Search code examples
sqlmysqlindexingquery-optimizationexplain

index is used with SELECT COUNT(1) but not with SELECT *


Here's my query:

SELECT COUNT(1)
FROM nhd
WHERE gnis_id IN (01372336);

The table definition has an INDEX gnis_id (gnis_id) on it and, indeed, that index is used with this query. BUT when I replace the COUNT(1) with * the index is not used, at least according to EXPLAIN. Why is that? Why would changing the columns I'm getting back change how MySQL is deciding which INDEX to use for the WHERE part of the query?

Here's the output of the EXPLAIN with *:

id: 1
select_type: SIMPLE
table: nhd
partitions: NULL
type: ALL
possible_keys: gnis_id
key: NULL
key_len: NULL
ref: NULL
rows: 2752840
filtered: 10.00
Extra: Using where

Here's the output of SHOW INDEX FROM nhd:

https://pastebin.com/KXpqBeJm

I'm running MySQL 8.0.33


Solution

  • A guess. Is this the declaration of the column?

    gnis_id VARCHAR(8)
    

    Meanwhile, you are checking those strings against a number:

    WHERE gnis_id IN (01372336)
    

    That means it has to convert each gnis_id to a number before testing.

    Solution:

    WHERE gnis_id IN ("01372336")
    

    With that change, it will look at only 96 rows, not 2,758,717 rows. (Actually, it will be 97 rows -- the extra one is to discover that it is finished.)

    Discussion

    SELECT COUNT(1) can be done entirely in the INDEX's BTree.
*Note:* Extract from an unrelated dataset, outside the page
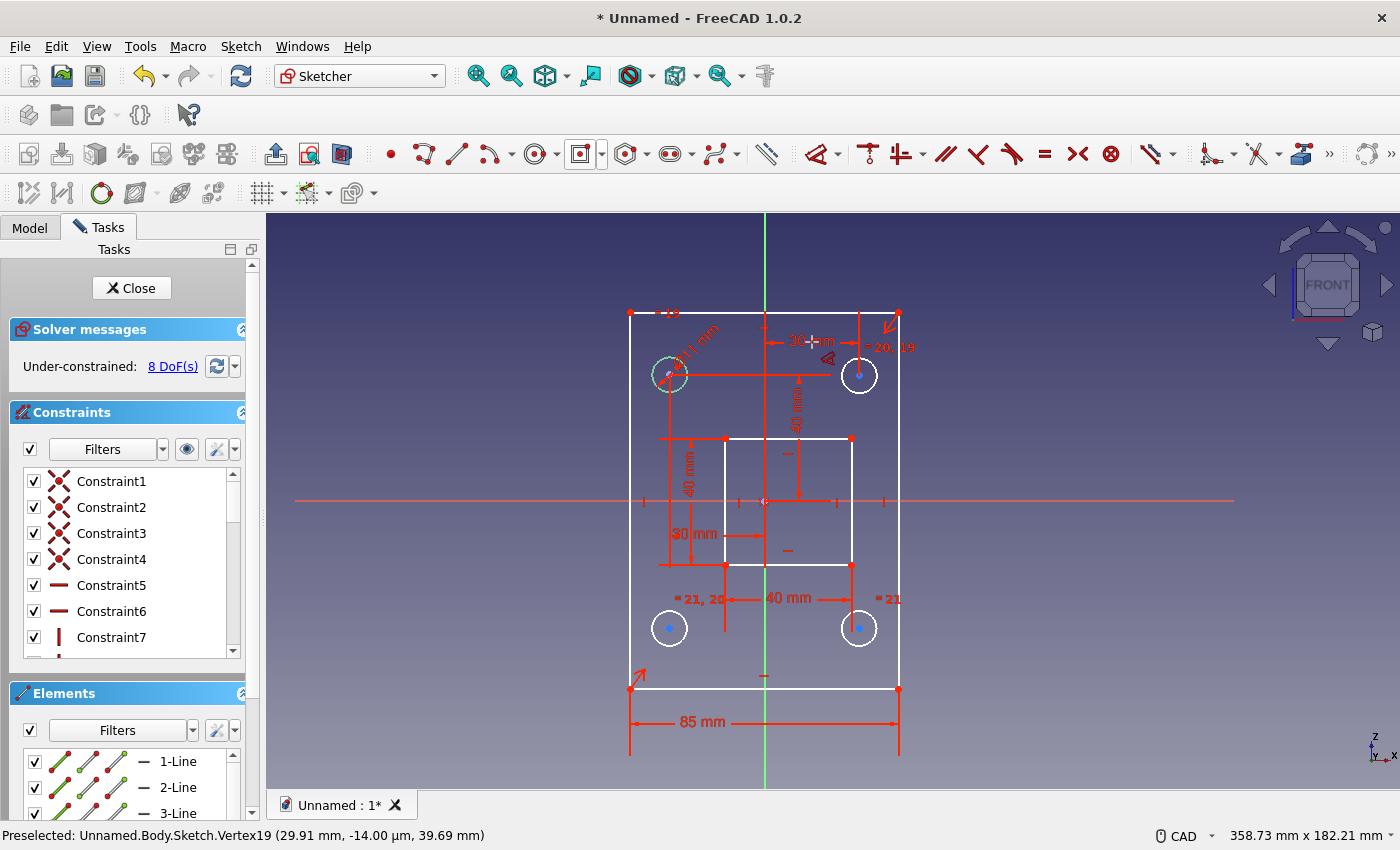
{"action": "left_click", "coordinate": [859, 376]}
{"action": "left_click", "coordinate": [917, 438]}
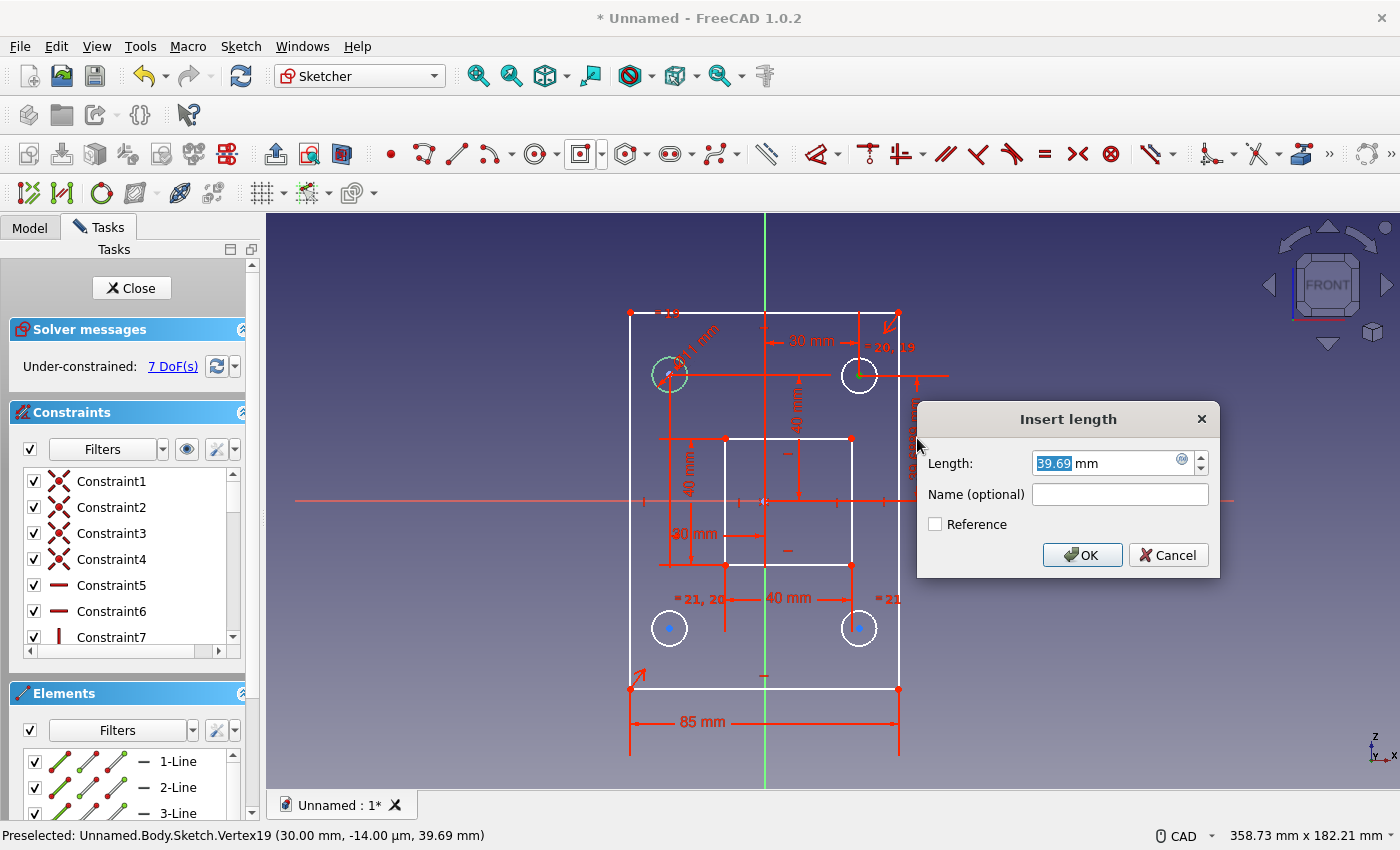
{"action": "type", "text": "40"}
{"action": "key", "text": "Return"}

That is the index is "covering"; EXPLAIN will say "Using index". And, because the index is ordered by gnis_id, the rows it needs to look at are consecutive once the datatypes match.

    SELECT * needs to fetch all the columns, which are found only in the data's BTree.

    The clustered index on id does not need to be involved.